Mystic's followers wants own country

CNN News/June 5, 2001

Paramaribo, Suriname -- Followers of Maharishi Mahesh Yogi want to establish a 3,500-hectare (8,645-acre) sovereign state on rural land in the South American country of Suriname.

The government of Suriname, a former Dutch colony, has so far not accepted the Maharishi International University of Management's offer to invest $1.3 billion over three years and provide 10,000 jobs.

Followers of the Maharishi Mahesh Yogi -- known in the 1960s for teaching the Beatles transcendental meditation -- want to lease the land in the district of Commewijne for at least 200 years to set up their agricultural society.

The land, about 40 kilometers (25 miles) northeast of the capital, Paramaribo, had previously been used for farming by a now-bankrupt government agricultural foundation.

The group wants to set up what it calls a "Global Country of World Peace," with its own currency, central bank and jurisdiction, said Winston Wirht, vice president of the university's Maharishi Council for Economic Development of Suriname.

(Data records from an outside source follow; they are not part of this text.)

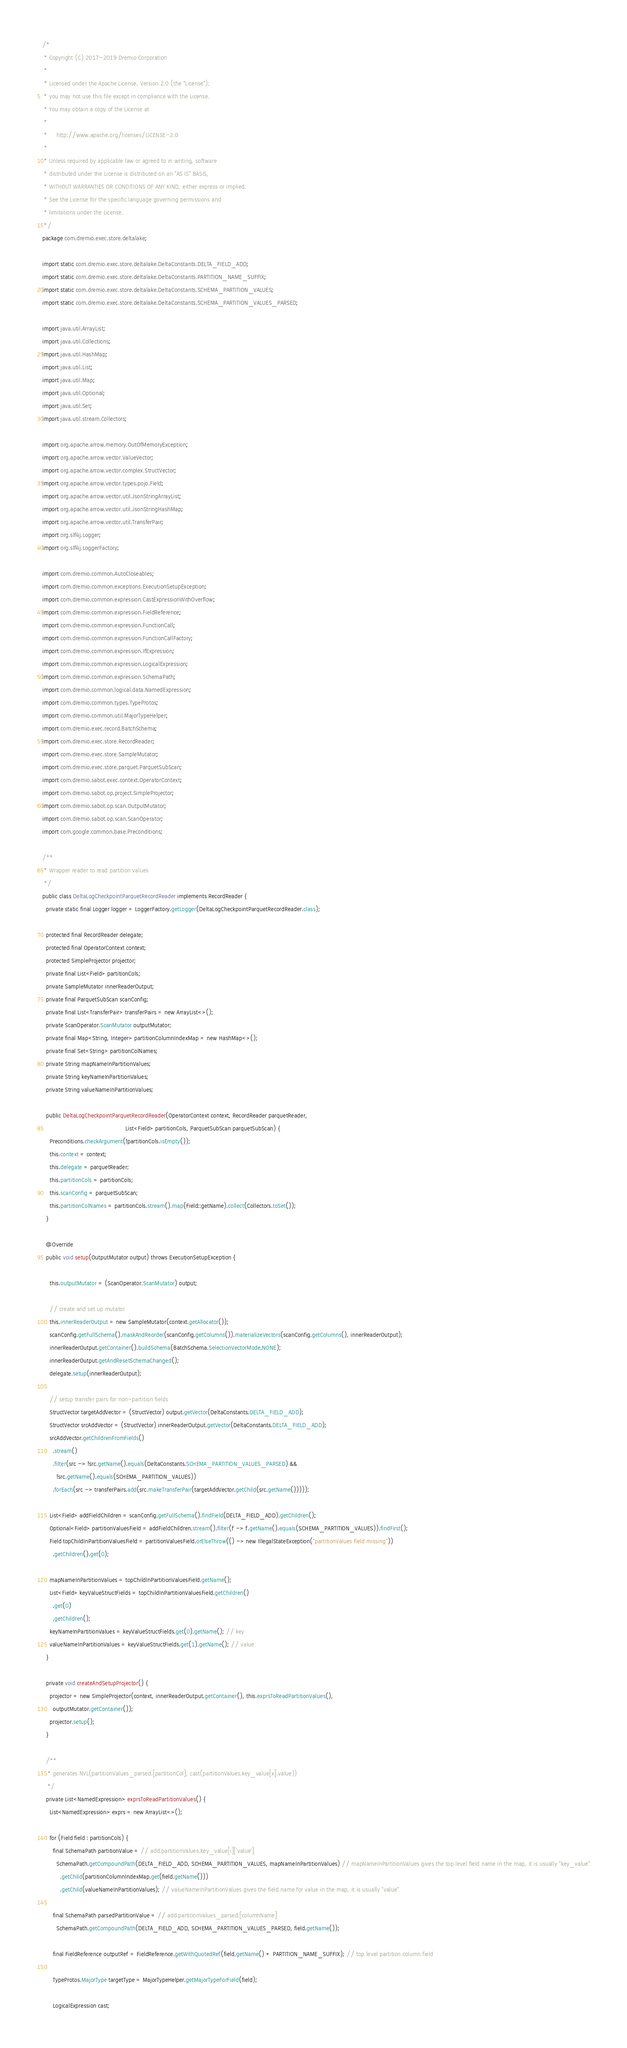Convert code to text. <code><loc_0><loc_0><loc_500><loc_500><_Java_>/*
 * Copyright (C) 2017-2019 Dremio Corporation
 *
 * Licensed under the Apache License, Version 2.0 (the "License");
 * you may not use this file except in compliance with the License.
 * You may obtain a copy of the License at
 *
 *     http://www.apache.org/licenses/LICENSE-2.0
 *
 * Unless required by applicable law or agreed to in writing, software
 * distributed under the License is distributed on an "AS IS" BASIS,
 * WITHOUT WARRANTIES OR CONDITIONS OF ANY KIND, either express or implied.
 * See the License for the specific language governing permissions and
 * limitations under the License.
 */
package com.dremio.exec.store.deltalake;

import static com.dremio.exec.store.deltalake.DeltaConstants.DELTA_FIELD_ADD;
import static com.dremio.exec.store.deltalake.DeltaConstants.PARTITION_NAME_SUFFIX;
import static com.dremio.exec.store.deltalake.DeltaConstants.SCHEMA_PARTITION_VALUES;
import static com.dremio.exec.store.deltalake.DeltaConstants.SCHEMA_PARTITION_VALUES_PARSED;

import java.util.ArrayList;
import java.util.Collections;
import java.util.HashMap;
import java.util.List;
import java.util.Map;
import java.util.Optional;
import java.util.Set;
import java.util.stream.Collectors;

import org.apache.arrow.memory.OutOfMemoryException;
import org.apache.arrow.vector.ValueVector;
import org.apache.arrow.vector.complex.StructVector;
import org.apache.arrow.vector.types.pojo.Field;
import org.apache.arrow.vector.util.JsonStringArrayList;
import org.apache.arrow.vector.util.JsonStringHashMap;
import org.apache.arrow.vector.util.TransferPair;
import org.slf4j.Logger;
import org.slf4j.LoggerFactory;

import com.dremio.common.AutoCloseables;
import com.dremio.common.exceptions.ExecutionSetupException;
import com.dremio.common.expression.CastExpressionWithOverflow;
import com.dremio.common.expression.FieldReference;
import com.dremio.common.expression.FunctionCall;
import com.dremio.common.expression.FunctionCallFactory;
import com.dremio.common.expression.IfExpression;
import com.dremio.common.expression.LogicalExpression;
import com.dremio.common.expression.SchemaPath;
import com.dremio.common.logical.data.NamedExpression;
import com.dremio.common.types.TypeProtos;
import com.dremio.common.util.MajorTypeHelper;
import com.dremio.exec.record.BatchSchema;
import com.dremio.exec.store.RecordReader;
import com.dremio.exec.store.SampleMutator;
import com.dremio.exec.store.parquet.ParquetSubScan;
import com.dremio.sabot.exec.context.OperatorContext;
import com.dremio.sabot.op.project.SimpleProjector;
import com.dremio.sabot.op.scan.OutputMutator;
import com.dremio.sabot.op.scan.ScanOperator;
import com.google.common.base.Preconditions;

/**
 * Wrapper reader to read partition values
 */
public class DeltaLogCheckpointParquetRecordReader implements RecordReader {
  private static final Logger logger = LoggerFactory.getLogger(DeltaLogCheckpointParquetRecordReader.class);

  protected final RecordReader delegate;
  protected final OperatorContext context;
  protected SimpleProjector projector;
  private final List<Field> partitionCols;
  private SampleMutator innerReaderOutput;
  private final ParquetSubScan scanConfig;
  private final List<TransferPair> transferPairs = new ArrayList<>();
  private ScanOperator.ScanMutator outputMutator;
  private final Map<String, Integer> partitionColumnIndexMap = new HashMap<>();
  private final Set<String> partitionColNames;
  private String mapNameInPartitionValues;
  private String keyNameInPartitionValues;
  private String valueNameInPartitionValues;

  public DeltaLogCheckpointParquetRecordReader(OperatorContext context, RecordReader parquetReader,
                                               List<Field> partitionCols, ParquetSubScan parquetSubScan) {
    Preconditions.checkArgument(!partitionCols.isEmpty());
    this.context = context;
    this.delegate = parquetReader;
    this.partitionCols = partitionCols;
    this.scanConfig = parquetSubScan;
    this.partitionColNames = partitionCols.stream().map(Field::getName).collect(Collectors.toSet());
  }

  @Override
  public void setup(OutputMutator output) throws ExecutionSetupException {

    this.outputMutator = (ScanOperator.ScanMutator) output;

    // create and set up mutator
    this.innerReaderOutput = new SampleMutator(context.getAllocator());
    scanConfig.getFullSchema().maskAndReorder(scanConfig.getColumns()).materializeVectors(scanConfig.getColumns(), innerReaderOutput);
    innerReaderOutput.getContainer().buildSchema(BatchSchema.SelectionVectorMode.NONE);
    innerReaderOutput.getAndResetSchemaChanged();
    delegate.setup(innerReaderOutput);

    // setup transfer pairs for non-partition fields
    StructVector targetAddVector = (StructVector) output.getVector(DeltaConstants.DELTA_FIELD_ADD);
    StructVector srcAddVector = (StructVector) innerReaderOutput.getVector(DeltaConstants.DELTA_FIELD_ADD);
    srcAddVector.getChildrenFromFields()
      .stream()
      .filter(src -> !src.getName().equals(DeltaConstants.SCHEMA_PARTITION_VALUES_PARSED) &&
        !src.getName().equals(SCHEMA_PARTITION_VALUES))
      .forEach(src -> transferPairs.add(src.makeTransferPair(targetAddVector.getChild(src.getName()))));

    List<Field> addFieldChildren = scanConfig.getFullSchema().findField(DELTA_FIELD_ADD).getChildren();
    Optional<Field> partitionValuesField = addFieldChildren.stream().filter(f -> f.getName().equals(SCHEMA_PARTITION_VALUES)).findFirst();
    Field topChildInPartitionValuesField = partitionValuesField.orElseThrow(() -> new IllegalStateException("partitionValues field missing"))
      .getChildren().get(0);

    mapNameInPartitionValues = topChildInPartitionValuesField.getName();
    List<Field> keyValueStructFields = topChildInPartitionValuesField.getChildren()
      .get(0)
      .getChildren();
    keyNameInPartitionValues = keyValueStructFields.get(0).getName(); // key
    valueNameInPartitionValues = keyValueStructFields.get(1).getName(); // value
  }

  private void createAndSetupProjector() {
    projector = new SimpleProjector(context, innerReaderOutput.getContainer(), this.exprsToReadPartitionValues(),
      outputMutator.getContainer());
    projector.setup();
  }

  /**
   * generates NVL(partitionValues_parsed.[partitionCol], cast(partitionValues.key_value[x].value))
   */
  private List<NamedExpression> exprsToReadPartitionValues() {
    List<NamedExpression> exprs = new ArrayList<>();

    for (Field field : partitionCols) {
      final SchemaPath partitionValue = // add.partitionValues.key_value[i]['value']
        SchemaPath.getCompoundPath(DELTA_FIELD_ADD, SCHEMA_PARTITION_VALUES, mapNameInPartitionValues) // mapNameInPartitionValues gives the top level field name in the map, it is usually "key_value"
          .getChild(partitionColumnIndexMap.get(field.getName()))
          .getChild(valueNameInPartitionValues); // valueNameInPartitionValues gives the field name for value in the map, it is usually "value"

      final SchemaPath parsedPartitionValue = // add.partitionValues_parsed.[columnName]
        SchemaPath.getCompoundPath(DELTA_FIELD_ADD, SCHEMA_PARTITION_VALUES_PARSED, field.getName());

      final FieldReference outputRef = FieldReference.getWithQuotedRef(field.getName() + PARTITION_NAME_SUFFIX); // top level partition column field

      TypeProtos.MajorType targetType = MajorTypeHelper.getMajorTypeForField(field);

      LogicalExpression cast;</code>

The Ministry of Agriculture in a recent letter to the council has offered to start negotiations. However, President Ronald Venetiaan, who would have to approve such a deal, has not responded to the Maharishi council's three requests since November.

Officials in Venetiaan's office could not immediately be reached for comment. "This is something to help the Surinamese people out of poverty," Wirht said. "It is a shame that Venetiaan does not seem willing to even talk to us."

The sovereign state's main industry would be organic farming and the export of produce, Wirht said. The Maharishi followers would reward Suriname each year by giving the government 1 percent of the money the sovereign state's central bank puts into circulation, Wirht said.

"Suriname must be the first to offer. It is unimaginable what this country will gain," Wirht said. Wirht, a politician in Suriname whose Doe Party did not win any seats in last year's parliamentary elections, said the Maharishi group has been asking for similar arrangements in poor countries in Africa, Asia and Latin America.

The Maharishi group has its own incorporated city in Iowa called Vedic City, where the Maharishi University of Management is based. The Maharishi Mahesh Yogi, now in his 80s, lives in the Netherlands, but Wirht said he frequently travels to the United States and India.

The group counts 5 million people worldwide who practice what the group calls transcendental meditation, a 10 to 15 minute daily technique that followers believe improves mental functioning, decreases stress and improves health. The group says it is not promoting any religion.